At SIQ we calibrate optical laser sources, optical power level meters, optical fibers, optical attenuators, and optical time domain reflectometers OTDRs. The calibration could be performed only on equipment that is based on 1310 nm and 1550 ns single mode 9 μm optical fibers equipped with FC/PC or SC/PC connectors.

Calibration of test equipment at SIQ

Laser power source

The calibrated parameter is absolute optical power level of laser power source which can be measured at different output levels (linearity) using reference laser power meter. The power can be measured in a 0 dBm to –90 dBm power range.

Optical power meters

We calibrate the absolute accuracy of optical power metes by comparison method using the reference optical power meter. Another parameter of importance is optical power level linearity which is calibrated using a reference optical attenuator. The power can be measured in 0 dBm to –90 dBm power range.

Optical attenuators and optical fibers

The main parameter of interest in both cases is optical insertion loss and (incremental and/or stepped) attenuation of optical step attenuators. The attenuation can be measured in 0 dB to 90 dB range by comparison method (uncertainties from 0.15 dB to 0.17 dB) or by method using variable optical attenuator in –1.4 dB to –60 dB range (uncertainties 0.06 dB). We can also calibrate optical length of optical fiber at known group refractive index (distances from 0.1 km to 100 km).

Optical time domain reflectometers (OTDRs)
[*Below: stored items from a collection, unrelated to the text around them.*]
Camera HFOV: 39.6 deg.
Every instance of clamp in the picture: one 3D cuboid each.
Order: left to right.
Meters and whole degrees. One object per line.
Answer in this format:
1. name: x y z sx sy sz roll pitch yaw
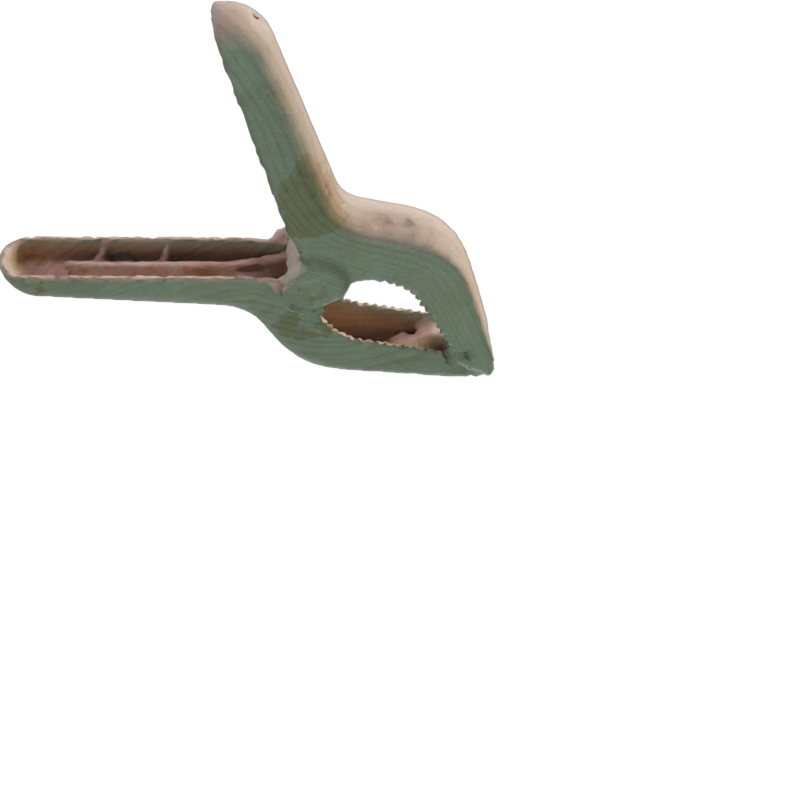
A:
1. clamp: -0.035 -0.064 0.448 0.200 0.039 0.161 22 -43 -25

OTDR is an instrument that can measure distance to certain events (connectors, splices, or faults) and attenuation in optical fiber. This is done by sending a laser light pulse into the optical fiber and then measuring the backscattered signal from the fiber in given time intervals. The scattering is either Rayleigh scattering on the micro particles in the optical fiber glass or Fresnel refraction which takes place at boundaries between different materials in the path of the light pulse (connectors, splices, etc.). If group refractive index of the fiber is known, then the distance to given event can be calculated using the time when this signal was received. The level of the received signal is a measure of fiber attenuation, thus the OTDR can also measure the loss of optical power in the fiber. Typical parameters that we calibrate are:

  • loss scale in region A, ΔSA (typical fiber trace ± 3 dB per km distance, 0 km to 35 km)
  • distance offset error, ΔL0, is the displayed location of the OTDR’s front panel connector (ideally, the displayed location should be zero)
  • distance scale error, ΔSL, is the error of the distance slope (it can be measured from 5 km to 35 km)
  • loss scale calibration (loss scale calibration is used to determine the accuracy of the loss measurement ΔSA of an OTDR, for power levels F within the OTDR’s backscatter regime)
  • event deadzone (the event deadzone is usually specified for a pulse width of 1 μs and a reflectance of –35 dB unless otherwise stated in the specifications)
  • attenuation deadzone (the attenuation deadzone is defined as the displayed difference between the beginning of a reflection to the point where the signal returns to the backscatter trace within a given error band, at a given reflectance)
  • dynamic range (The dynamic range characterizes the OTDR’s ability to measure long fibers and, accordingly, small backscatter signals. It is defined as the difference between the extrapolated start of the backscatter trace and the noise level, expressed in dB of one-way fiber loss.)